The Communities Secretary said 'black, Asian and ethnic women often face particular problems when they try and flee abusive partners'.
MUSLIM Cabinet Minister Sajid Javid has called out the country’s ethnic minorities for failing to tackle domestic violence – saying: ‘It cannot continue.’
The Communities Secretary said while violence occurred in every neighbourhood, “black, Asian and ethnic women often face particular problems when they try and flee abusive partners”.
He told the Sun: “Sometimes it’s a cultural issue. Sometimes it’s because people who are supposed to help instead fall back on cultural, ethnic and religious stereotypes.
“What is certain is that it can’t go on.”
The explosive intervention comes just days before a Government commissioned report is expected to say certain religious groups have failed to integrate into British ways of life.
The long-awaited review by the Government’s ‘integration tsar’ Louise Casey is due out next week.
Last year a report claimed that in London 733 black and minority ethnic women sought refuge spaces – but only 154 were successful.
Earlier this month, the Tory high-flyer unveiled a £20 million fund to help victims of domestic abuse in a big victory for the Sun’s ‘Give Me Shelter’ campaign.
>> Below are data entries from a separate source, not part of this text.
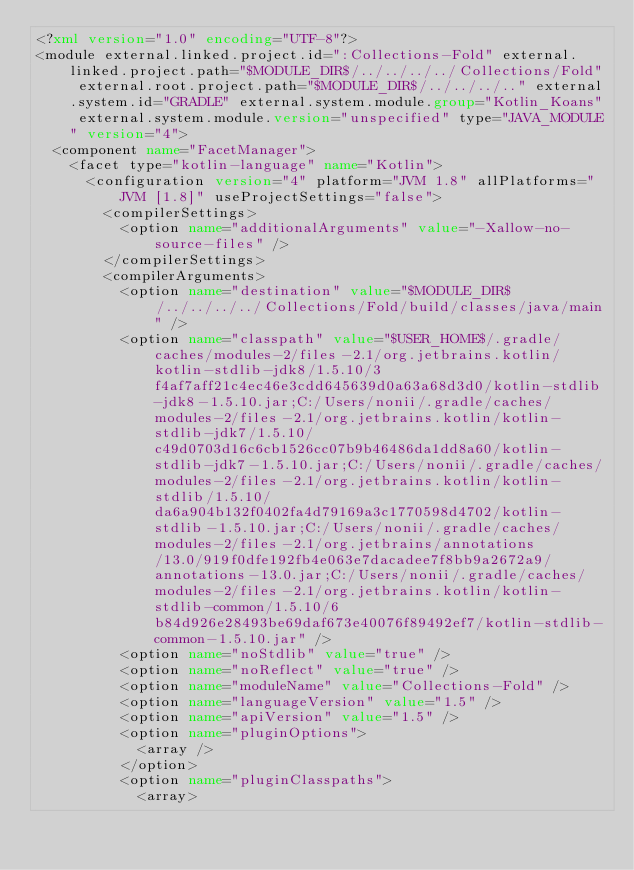<code> <loc_0><loc_0><loc_500><loc_500><_XML_><?xml version="1.0" encoding="UTF-8"?>
<module external.linked.project.id=":Collections-Fold" external.linked.project.path="$MODULE_DIR$/../../../../Collections/Fold" external.root.project.path="$MODULE_DIR$/../../../.." external.system.id="GRADLE" external.system.module.group="Kotlin_Koans" external.system.module.version="unspecified" type="JAVA_MODULE" version="4">
  <component name="FacetManager">
    <facet type="kotlin-language" name="Kotlin">
      <configuration version="4" platform="JVM 1.8" allPlatforms="JVM [1.8]" useProjectSettings="false">
        <compilerSettings>
          <option name="additionalArguments" value="-Xallow-no-source-files" />
        </compilerSettings>
        <compilerArguments>
          <option name="destination" value="$MODULE_DIR$/../../../../Collections/Fold/build/classes/java/main" />
          <option name="classpath" value="$USER_HOME$/.gradle/caches/modules-2/files-2.1/org.jetbrains.kotlin/kotlin-stdlib-jdk8/1.5.10/3f4af7aff21c4ec46e3cdd645639d0a63a68d3d0/kotlin-stdlib-jdk8-1.5.10.jar;C:/Users/nonii/.gradle/caches/modules-2/files-2.1/org.jetbrains.kotlin/kotlin-stdlib-jdk7/1.5.10/c49d0703d16c6cb1526cc07b9b46486da1dd8a60/kotlin-stdlib-jdk7-1.5.10.jar;C:/Users/nonii/.gradle/caches/modules-2/files-2.1/org.jetbrains.kotlin/kotlin-stdlib/1.5.10/da6a904b132f0402fa4d79169a3c1770598d4702/kotlin-stdlib-1.5.10.jar;C:/Users/nonii/.gradle/caches/modules-2/files-2.1/org.jetbrains/annotations/13.0/919f0dfe192fb4e063e7dacadee7f8bb9a2672a9/annotations-13.0.jar;C:/Users/nonii/.gradle/caches/modules-2/files-2.1/org.jetbrains.kotlin/kotlin-stdlib-common/1.5.10/6b84d926e28493be69daf673e40076f89492ef7/kotlin-stdlib-common-1.5.10.jar" />
          <option name="noStdlib" value="true" />
          <option name="noReflect" value="true" />
          <option name="moduleName" value="Collections-Fold" />
          <option name="languageVersion" value="1.5" />
          <option name="apiVersion" value="1.5" />
          <option name="pluginOptions">
            <array />
          </option>
          <option name="pluginClasspaths">
            <array></code> 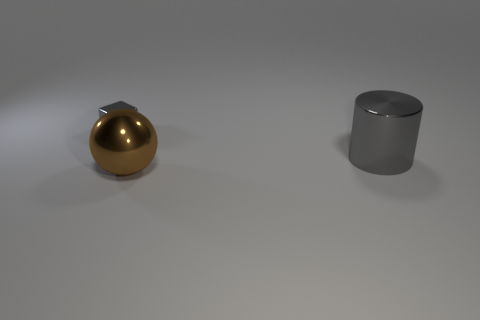There is a shiny thing that is the same color as the cube; what shape is it?
Provide a succinct answer. Cylinder. What number of small gray objects are there?
Your response must be concise. 1. What is the shape of the big brown object that is the same material as the gray cube?
Provide a short and direct response. Sphere. Are there any other things of the same color as the big cylinder?
Give a very brief answer. Yes. Is the color of the tiny cube the same as the big metallic thing behind the brown metal object?
Ensure brevity in your answer.  Yes. Is the number of big metallic cylinders that are left of the large brown sphere less than the number of gray blocks?
Ensure brevity in your answer.  Yes. What number of other objects are there of the same size as the brown metallic sphere?
Your answer should be very brief. 1. There is a brown ball; is it the same size as the gray thing that is behind the metallic cylinder?
Offer a terse response. No. What is the shape of the large shiny thing that is to the left of the gray metal object right of the gray object to the left of the brown shiny sphere?
Provide a short and direct response. Sphere. Are there fewer green matte balls than brown metallic spheres?
Provide a succinct answer. Yes. 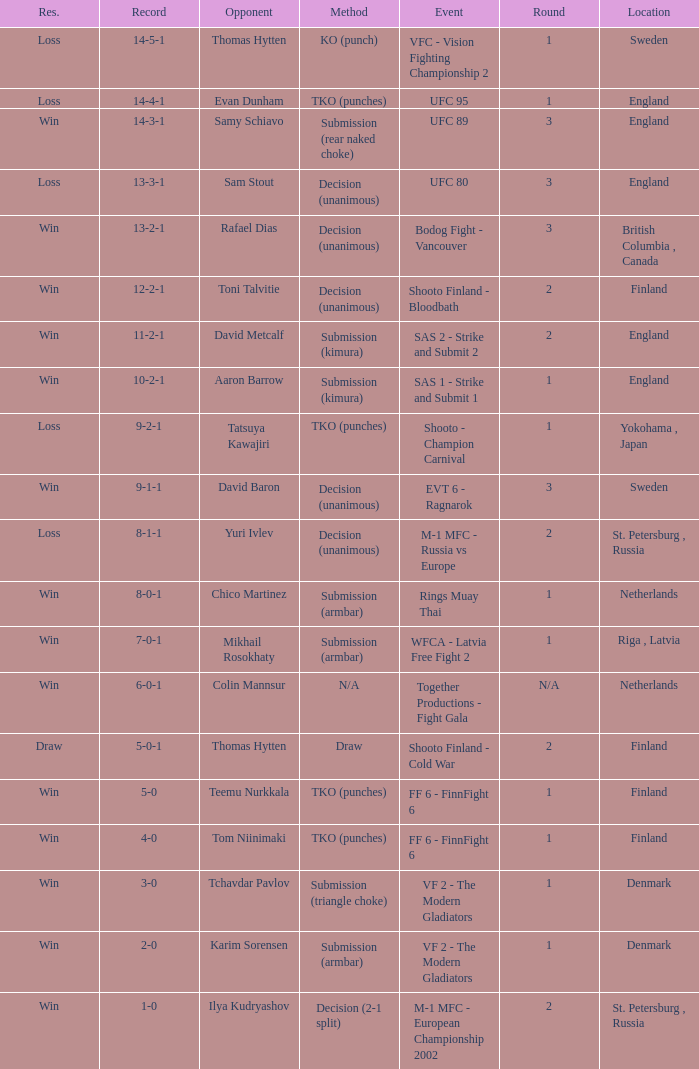What is the round in Finland with a draw for method? 2.0. 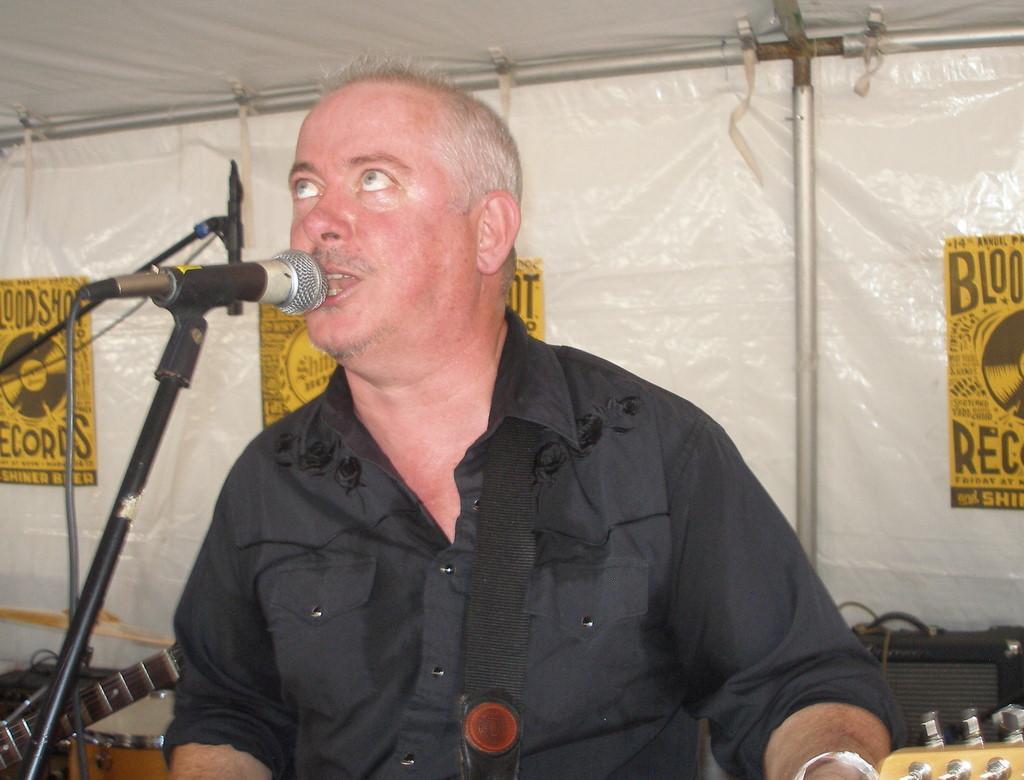Describe this image in one or two sentences. In the image we can see a man wearing black clothes and he is talking. In front of him there is a microphone and these are the cable wires. We can see there are even musical instruments, posters and a pole tent. 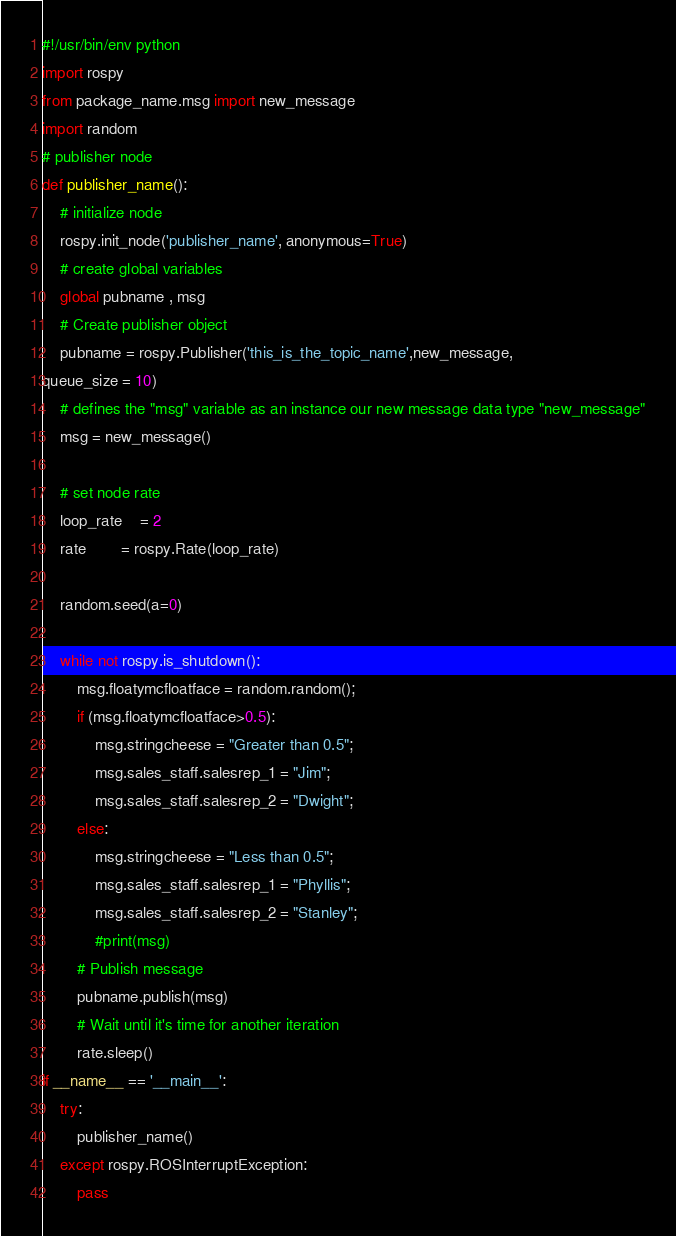<code> <loc_0><loc_0><loc_500><loc_500><_Python_>#!/usr/bin/env python
import rospy
from package_name.msg import new_message
import random
# publisher node
def publisher_name():
	# initialize node
	rospy.init_node('publisher_name', anonymous=True)
	# create global variables
	global pubname , msg
	# Create publisher object
	pubname = rospy.Publisher('this_is_the_topic_name',new_message,
queue_size = 10)
	# defines the "msg" variable as an instance our new message data type "new_message"
	msg = new_message()

	# set node rate
	loop_rate 	= 2
	rate 		= rospy.Rate(loop_rate)

	random.seed(a=0)
	
	while not rospy.is_shutdown():
		msg.floatymcfloatface = random.random();
		if (msg.floatymcfloatface>0.5):
			msg.stringcheese = "Greater than 0.5";
			msg.sales_staff.salesrep_1 = "Jim";
			msg.sales_staff.salesrep_2 = "Dwight";
		else:
			msg.stringcheese = "Less than 0.5";
			msg.sales_staff.salesrep_1 = "Phyllis";
			msg.sales_staff.salesrep_2 = "Stanley";
			#print(msg)
		# Publish message
		pubname.publish(msg)
		# Wait until it's time for another iteration
		rate.sleep()
if __name__ == '__main__':
	try:
		publisher_name()
	except rospy.ROSInterruptException:
		pass</code> 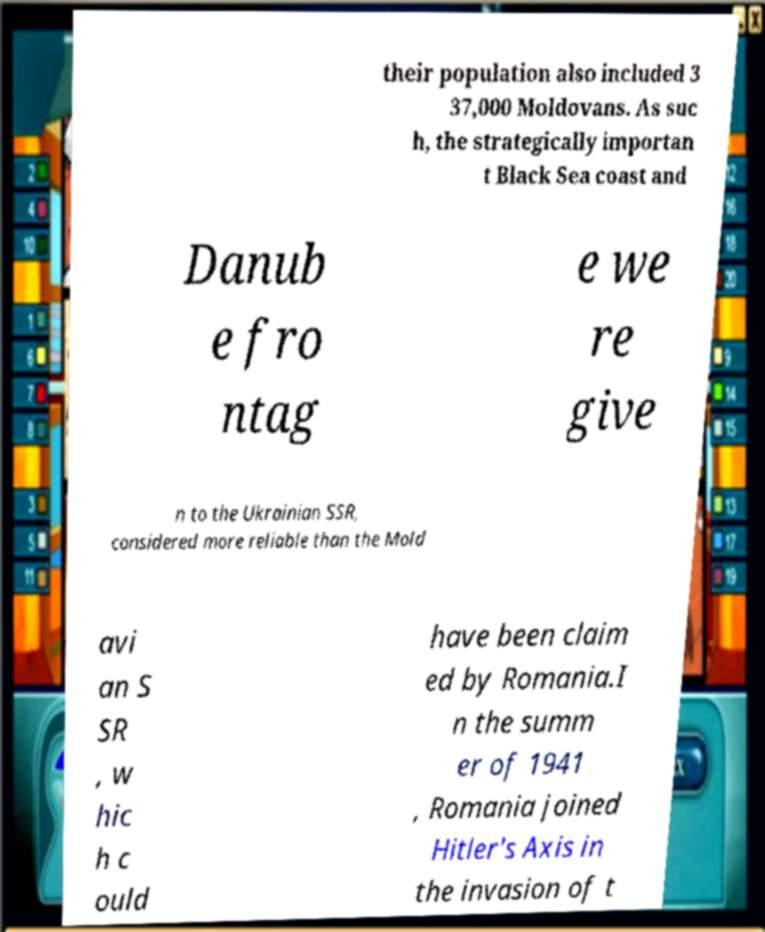Can you accurately transcribe the text from the provided image for me? their population also included 3 37,000 Moldovans. As suc h, the strategically importan t Black Sea coast and Danub e fro ntag e we re give n to the Ukrainian SSR, considered more reliable than the Mold avi an S SR , w hic h c ould have been claim ed by Romania.I n the summ er of 1941 , Romania joined Hitler's Axis in the invasion of t 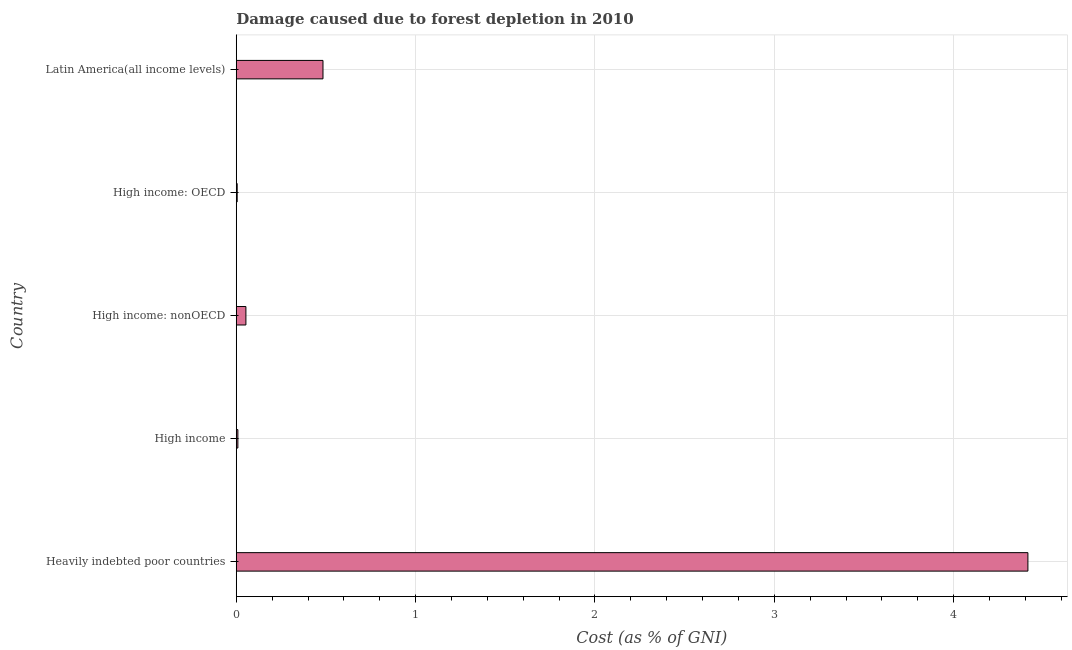Does the graph contain any zero values?
Your response must be concise. No. What is the title of the graph?
Ensure brevity in your answer.  Damage caused due to forest depletion in 2010. What is the label or title of the X-axis?
Ensure brevity in your answer.  Cost (as % of GNI). What is the label or title of the Y-axis?
Ensure brevity in your answer.  Country. What is the damage caused due to forest depletion in High income: nonOECD?
Provide a short and direct response. 0.05. Across all countries, what is the maximum damage caused due to forest depletion?
Offer a terse response. 4.41. Across all countries, what is the minimum damage caused due to forest depletion?
Provide a succinct answer. 0.01. In which country was the damage caused due to forest depletion maximum?
Your answer should be compact. Heavily indebted poor countries. In which country was the damage caused due to forest depletion minimum?
Provide a short and direct response. High income: OECD. What is the sum of the damage caused due to forest depletion?
Provide a short and direct response. 4.97. What is the difference between the damage caused due to forest depletion in High income and High income: OECD?
Ensure brevity in your answer.  0. What is the median damage caused due to forest depletion?
Offer a very short reply. 0.05. What is the ratio of the damage caused due to forest depletion in High income: OECD to that in Latin America(all income levels)?
Make the answer very short. 0.01. Is the difference between the damage caused due to forest depletion in High income and High income: nonOECD greater than the difference between any two countries?
Offer a terse response. No. What is the difference between the highest and the second highest damage caused due to forest depletion?
Make the answer very short. 3.93. Is the sum of the damage caused due to forest depletion in High income: nonOECD and Latin America(all income levels) greater than the maximum damage caused due to forest depletion across all countries?
Give a very brief answer. No. What is the difference between the highest and the lowest damage caused due to forest depletion?
Give a very brief answer. 4.41. In how many countries, is the damage caused due to forest depletion greater than the average damage caused due to forest depletion taken over all countries?
Your answer should be compact. 1. Are all the bars in the graph horizontal?
Give a very brief answer. Yes. How many countries are there in the graph?
Provide a short and direct response. 5. What is the Cost (as % of GNI) in Heavily indebted poor countries?
Make the answer very short. 4.41. What is the Cost (as % of GNI) of High income?
Your answer should be compact. 0.01. What is the Cost (as % of GNI) of High income: nonOECD?
Your response must be concise. 0.05. What is the Cost (as % of GNI) in High income: OECD?
Make the answer very short. 0.01. What is the Cost (as % of GNI) of Latin America(all income levels)?
Your answer should be very brief. 0.48. What is the difference between the Cost (as % of GNI) in Heavily indebted poor countries and High income?
Offer a very short reply. 4.4. What is the difference between the Cost (as % of GNI) in Heavily indebted poor countries and High income: nonOECD?
Offer a terse response. 4.36. What is the difference between the Cost (as % of GNI) in Heavily indebted poor countries and High income: OECD?
Your answer should be very brief. 4.41. What is the difference between the Cost (as % of GNI) in Heavily indebted poor countries and Latin America(all income levels)?
Your answer should be compact. 3.93. What is the difference between the Cost (as % of GNI) in High income and High income: nonOECD?
Keep it short and to the point. -0.04. What is the difference between the Cost (as % of GNI) in High income and High income: OECD?
Keep it short and to the point. 0. What is the difference between the Cost (as % of GNI) in High income and Latin America(all income levels)?
Give a very brief answer. -0.47. What is the difference between the Cost (as % of GNI) in High income: nonOECD and High income: OECD?
Provide a short and direct response. 0.05. What is the difference between the Cost (as % of GNI) in High income: nonOECD and Latin America(all income levels)?
Offer a terse response. -0.43. What is the difference between the Cost (as % of GNI) in High income: OECD and Latin America(all income levels)?
Your response must be concise. -0.48. What is the ratio of the Cost (as % of GNI) in Heavily indebted poor countries to that in High income?
Provide a succinct answer. 489.04. What is the ratio of the Cost (as % of GNI) in Heavily indebted poor countries to that in High income: nonOECD?
Offer a terse response. 82.05. What is the ratio of the Cost (as % of GNI) in Heavily indebted poor countries to that in High income: OECD?
Offer a very short reply. 851.75. What is the ratio of the Cost (as % of GNI) in Heavily indebted poor countries to that in Latin America(all income levels)?
Offer a very short reply. 9.13. What is the ratio of the Cost (as % of GNI) in High income to that in High income: nonOECD?
Your answer should be very brief. 0.17. What is the ratio of the Cost (as % of GNI) in High income to that in High income: OECD?
Give a very brief answer. 1.74. What is the ratio of the Cost (as % of GNI) in High income to that in Latin America(all income levels)?
Your answer should be very brief. 0.02. What is the ratio of the Cost (as % of GNI) in High income: nonOECD to that in High income: OECD?
Your answer should be compact. 10.38. What is the ratio of the Cost (as % of GNI) in High income: nonOECD to that in Latin America(all income levels)?
Make the answer very short. 0.11. What is the ratio of the Cost (as % of GNI) in High income: OECD to that in Latin America(all income levels)?
Your answer should be very brief. 0.01.

Millions from this fund will be used to help support victims of domestic abuse in “isolated and minority ethnic” communities. One project in Slough is thought to be among the first short-listed for funding. Mr
Javid said: “Domestic violence doesn’t discriminate. And neither should our determination to stamp it out.”
Mr Javid – the son of a Muslim bus driver – was speaking out as agencies and charities marked the UN designated ‘International Day for the Elimination of Violence Against Women’.
Charity Refuge claims police receive a domestic assistance call every minute, with a woman assaulted 35 times on average before ringing for help. Activists earlier this week blocked bridges across the UK in protests against the lack of funding for specialist black and minority domestic violence services.
Sister Uncut said the £20 million fund was nothing more than a “sticking plaster on a haemorrhage”. A spokeswoman for the group said the Government was letting down black and minority ethnic (BME) women.
She said: “Many of the services lost in austerity were set up and run by women of colour for women of colour, because generic services did not meet their needs.
“Those needs remain unmet, and women of colour and migrant survivors remain more likely to be trapped in violence, without any support.”
Mr Javid was widely seen as a potential Prime Minister before the Referendum. He is the Conservative’s first British-Pakistani MP. His dad, Abdul, came to Britain in 1961 with just £1 in his pocket and settled in Rochdale. The family moved to Bristol when Sajid was four.